In its recent report on donor conception, the Nuffield Council on Bioethics talks about ‘information sharing’. That means when and how to tell your child she was donor conceived. It makes some good points. But ethical arguments don’t always take account of the real world. Where, in that 200-page paper, does it actually celebrate the wonderful altruism of donors? In the UK, egg and sperm donors face barriers. Their impulse to donate is knocked back by ethical over-thinking and distrustful attitudes.
Parents should tell their donor-conceived child early, the report recommends, about her origin. Fair enough: the evidence supporting early disclosure has been around for some time. The state, it says, should take a back seat in educating parents about why and how to do it. Don’t make it mandatory, it adds, to have the child’s birth certificate stamped with donor information. (That was once on the cards.
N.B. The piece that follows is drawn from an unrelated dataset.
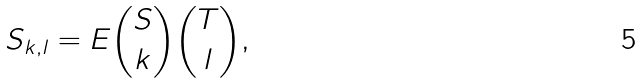Convert formula to latex. <formula><loc_0><loc_0><loc_500><loc_500>S _ { k , l } = { E { { S } \choose k } { { T } \choose l } } ,</formula> 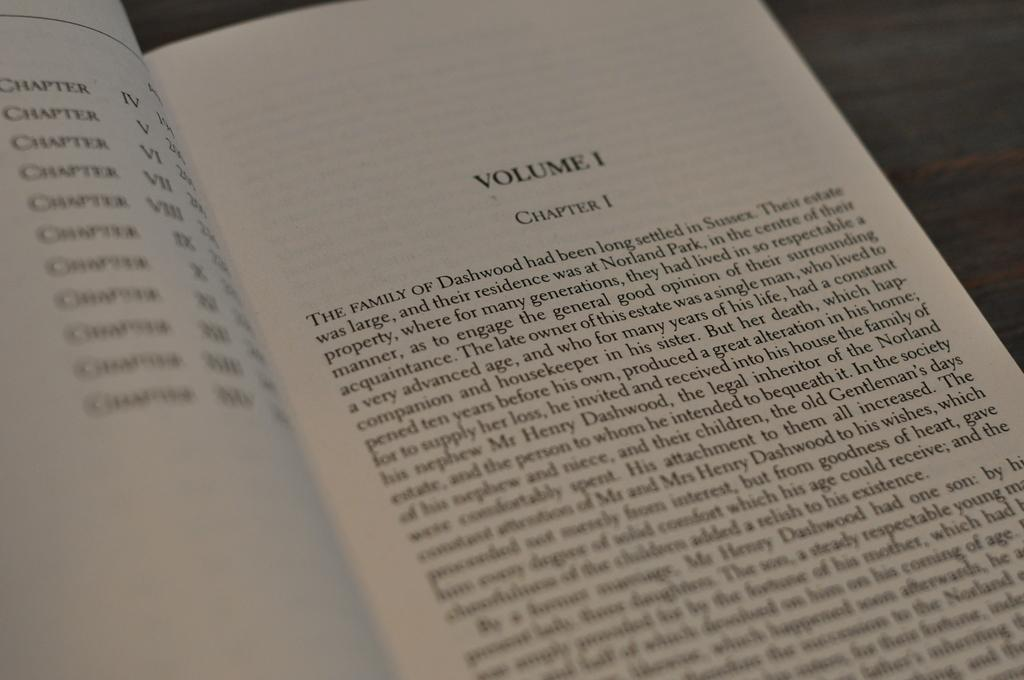<image>
Offer a succinct explanation of the picture presented. First page of chapter one of volume 1 of the book. 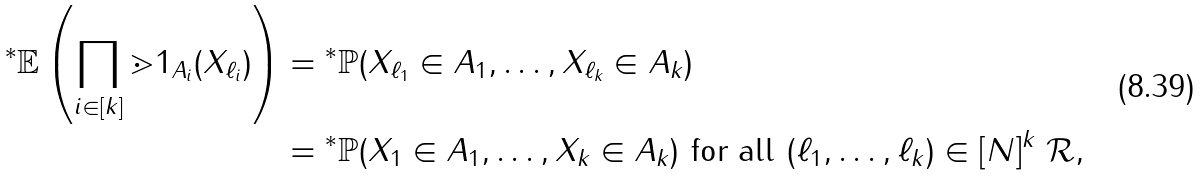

Honestly.)
The report says anonymous donation should not be reintroduced in the UK (it was stopped in 2005). This blog has long supported donor anonymity. The report takes the opposite view. Don’t tell that to France, Spain and the Czech Republic, where anonymity is the norm. (Are they unethical? Of course not.) Or to the thousands of British couples forced to wait for a year or more for donor eggs and sperm, as demand continues to outstrip supply.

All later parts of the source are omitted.